Not All Millennials are Created Equal

Meeting the needs of the increasing large Millennial segment is a top priority for many banks and credit unions. But not all Millennials are created equal, having different expectations of their financial institution partners.

Subscribe TodayMillennials are the largest generation in world history, numbering 80 million and commanding $1.3 trillion in direct annual spending in the U.S. alone. These consumers (where many define the oldest as 35 years old) represent a surprisingly diverse financial services segment, with varied needs and behaviors. This segment is more digitally focused than any previous generation, with connections to financial organizations reflecting their comfort with the App economy.

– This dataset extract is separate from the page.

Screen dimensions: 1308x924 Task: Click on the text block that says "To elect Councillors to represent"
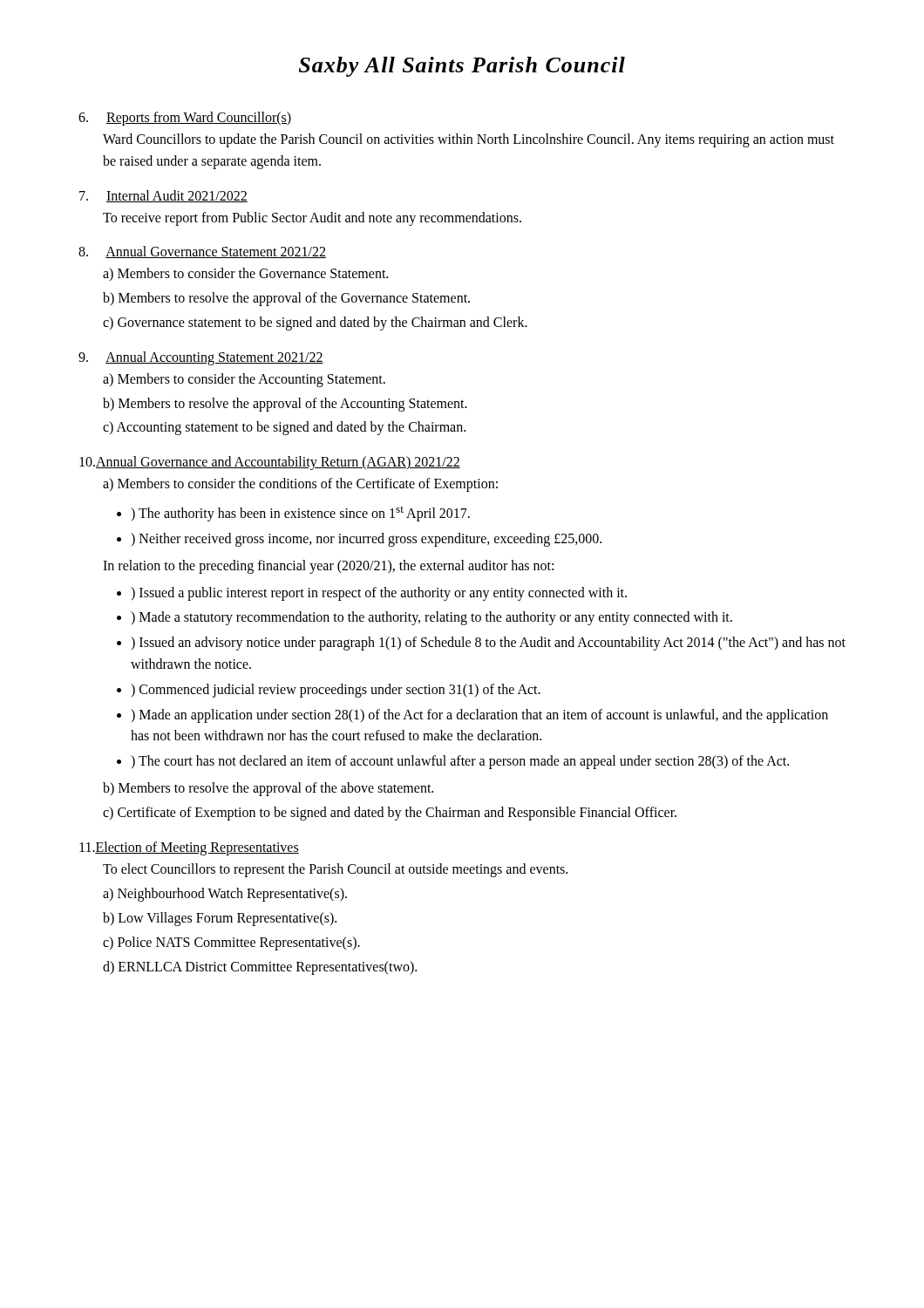336,869

To connect with this segment that has increasing financial clout, it is important for both traditional banking organizations and fintech start-ups to build digital experiences that are seamless, well-designed and integrated with this segment’s lifestyle. For a deeper look into how financial organizations can better serve the Millennial segment, Oracle surveyed more than 4,500 consumers across 9 markets – Brazil, Canada, China, France, Germany, India, Japan, UK and the U.S. in their report, “The Millennial Migration: How Banks Can Remain Relevant In Their Decision-Making Eco-System.”

Millennial Segment Diversity

Oracle divided Millennials into four sub-segments: Young Millennials (aged 18-21), Middle Millennials (aged 22-25), Mature Millennials (aged 26-30), and Grey Millennials (aged 31-45 years old). These age-based segments provided better insights into the differences in use of and reliance on different financial services providers.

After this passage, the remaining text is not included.